1. Understanding Thread Pool

2. Understanding Executors

3. Simple Executor and ExecutorService Examples

4. Cached Thread Pool Executor Example

5. Fixed Thread Pool Executor Example

6. Single-threaded Pool Executor Example

7. Creating a Custom Thread Pool Executor

 

1. Understanding Thread Pool in Java

In terms of performance, creating a new thread is an expensive operation because it requires the operating system allocates resources need for the thread. Therefore, in practice thread pool is used for large-scale applications that launch a lot of short-lived threads in order to utilize resources efficiently and increase performance.

Instead of creating new threads when new tasks arrive, a thread pool keeps a number of idle threads that are ready for executing tasks as needed. After a thread completes execution of a task, it does not die. Instead it remains idle in the pool waiting to be chosen for executing new tasks.

You can limit a definite number of concurrent threads in the pool, which is useful to prevent overload. If all threads are busily executing tasks, new tasks are placed in a queue, waiting for a thread becomes available.

The Java Concurrency API supports the following types of thread pools:

• Cached thread pool: keeps a number of alive threads and creates new ones as needed.

• Fixed thread pool: limits the maximum number of concurrent threads. Additional tasks are waiting in a queue.

• Single-threaded pool: keeps only one thread executing one task at a time.

• Fork/Join pool: a special thread pool that uses the Fork/Join framework to take advantages of multiple processors to perform heavy work faster by breaking the work into smaller pieces recursively.

That’s basically how thread pool works. In practice, thread pool is used widely in web servers where a thread pool is used to serve client’s requests. Thread pool is also used in database applications where a pool of threads maintaining open connections with the database.

Implementing a thread pool is a complex task, but you don’t have to do it yourself. As the Java Concurrency API allows you to easily create and use thread pools without worrying about the details. You will learn how in the next section.

 

2. Understanding Executors in Java

An Executoris an object that is responsible for threads management and execution of Runnable tasks submitted from the client code. It decouples the details of thread creation, scheduling, etc from the task submission so you can focus on developing the task’s business logic without caring about the thread management details.
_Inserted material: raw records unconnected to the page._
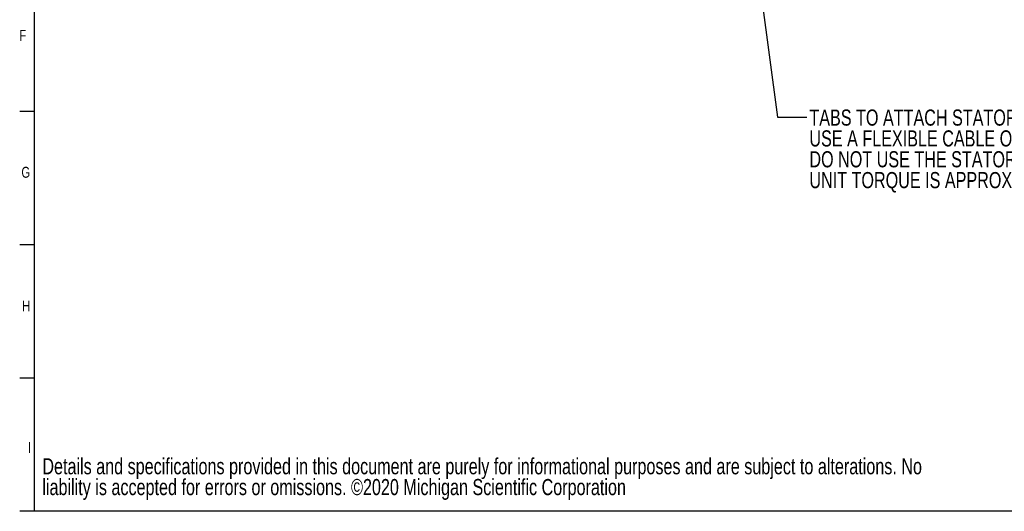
# Model space of a CAD drawing. Header units: inches. Extents: x 0.5 to 16.4, y 0.4 to 10.9.
# Tile 1 of 12: x 0.5 to 8.9, y 0.4 to 4.6. Entities that reach past the tile are written whole.
import ezdxf

# ---------------------------------------------------------------- set-up
doc = ezdxf.new("R2010")
doc.units = ezdxf.units.IN
doc.header["$MEASUREMENT"] = 0
for name, color, linetype in [('BORDER', 1, 'Continuous'), ('DIMENSIONS', 150, 'Continuous'), ('OBJECT', 1, 'Continuous'), ('TEXT', 7, 'Continuous')]:
    doc.layers.add(name, color=color, linetype=linetype)
doc.styles.add('SLDTEXTSTYLE0', font='TXT', dxfattribs={"width": 0.75})
doc.dimstyles.new('SLDDIMSTYLE1', dxfattribs={"dimtxt": 0.18, "dimasz": 0.156, "dimexe": 0, "dimexo": 0.0625, "dimgap": 0, "dimtad": 0, "dimtih": 1, "dimtoh": 1, "dimdec": 0, "dimrnd": 1e-09, "dimzin": 0, "dimdsep": 46, "dimtxsty": 'Standard', "dimsah": 1, "dimcen": 0.09, "dimadec": 0, "dimazin": 0, "dimtfac": 0.156, "dimtdec": 0, "dimtofl": 0, "dimtmove": 0, "dimatfit": 3, "dimfxl": 0, "dimfrac": 2, "dimtolj": 1, "dimtzin": 0, "dimarcsym": 0})

# ---------------------------------------------------------------- blocks, each defined once
blk = doc.blocks.new('SW_NOTE_0')
at = {"layer": 'DIMENSIONS', "color": 0, "attachment_point": 1, "style": 'SLDTEXTSTYLE0'}
for s, insert, char_height in [('Details and specifications provided in this document are purely for informational purposes and are subject to alterations. No', (0, 0.1776), 0.1377953), ('liability is accepted for errors or omissions. ©2020 Michigan Scientific Corporation', (0, -0.0005), 0.137795)]:
    blk.add_mtext(s, dxfattribs=dict(at, insert=insert, char_height=char_height))
blk = doc.blocks.new('SW_NOTE_0_5')
at = {"layer": 'DIMENSIONS', "color": 0, "char_height": 0.137795, "attachment_point": 1, "style": 'SLDTEXTSTYLE0'}
for s, insert in [('TABS TO ATTACH STATOR RESTRAINT.', (0.0218, 0.0666)), ('USE A FLEXIBLE CABLE OR SOFT SPRING AS A STATOR RESTRAINT.', (0.0218, -0.1115)), ('DO NOT USE THE STATOR CABLE.', (0.0218, -0.2897)), ('UNIT TORQUE IS APPROXIMATELY 3 OZ-IN [.02 N-M].', (0.0218, -0.4679))]:
    blk.add_mtext(s, dxfattribs=dict(at, insert=insert))

msp = doc.modelspace()

# ---------------------------------------------------------------- linework, layer by layer
at = {"layer": 'BORDER'}
for p in [(0.62625, 10.64207), (16.37625, 0.39207)]:
    msp.add_line(p, (0.62625, 0.39207), dxfattribs=at)
at = {"layer": 'OBJECT'}
for p, q in [((0.62625, 3.80874), (0.50125, 3.80874)), ((0.62625, 2.66985), (0.50125, 2.66985)), ((0.62625, 1.53096), (0.50125, 1.53096)), ((0.62625, 0.39207), (0.50125, 0.39207))]:
    msp.add_line(p, q, dxfattribs=at)

# ---------------------------------------------------------------- block references
at = {"layer": 'DIMENSIONS'}
for name, p in [('SW_NOTE_0_5', (7.23814, 3.75992)), ('SW_NOTE_0', (0.69519, 0.66845))]:
    msp.add_blockref(name, p, dxfattribs=at)

# ---------------------------------------------------------------- texts
at = {"layer": 'TEXT', "char_height": 0.09375, "attachment_point": 1, "style": 'SLDTEXTSTYLE0'}
for s, insert in [('F', (0.49943, 4.5072)), ('F', (0.49943, 4.5072)), ('G', (0.51625, 3.33708)), ('G', (0.51625, 3.33708)), ('H', (0.52297, 2.19374)), ('H', (0.52297, 2.19374)), ('I', (0.57115, 0.98507)), ('I', (0.57115, 0.98507))]:
    msp.add_mtext(s, dxfattribs=dict(at, insert=insert))

# ---------------------------------------------------------------- leaders
at = {"layer": 'DIMENSIONS'}
msp.add_leader([(6.76284, 5.42138), (6.98814, 3.75992), (7.23814, 3.75992)], dimstyle='SLDDIMSTYLE1', dxfattribs=at)

doc.saveas('drawing.dxf')

That means, in the simplest case, rather than creating a thread to execute a task like this:

Thread t = new Thread(new RunnableTask());
t.start();

You submit tasks to an executor like this:

Executor executor = anExecutorImplementation;
executor.execute(new RunnableTask1());
executor.execute(new RunnableTask2());

 

The Java Concurrency API defines the following 3 base interfaces for executors:

• Executor: is the super type of all executors. It defines only one method execute(Runnable).

• ExecutorService: is an Executor that allows tracking progress of value-returning tasks (Callable) via Future object, and manages the termination of threads. Its key methods include submit() and shutdown().

• ScheduledExecutorService: is an ExecutorService that can schedule tasks to execute after a given delay, or to execute periodically. Its key methods are schedule(), scheduleAtFixedRate() and scheduleWithFixedDelay().

You can create an executor by using one of several factory methods provided by the Executors utility class. Here’s to name a few:

• newCachedThreadPool(): creates an expandable thread pool executor. New threads are created as needed, and previously constructed threads are reused when they are available. Idle threads are kept in the pool for one minute. This executor is suitable for applications that launch many short-lived concurrent tasks.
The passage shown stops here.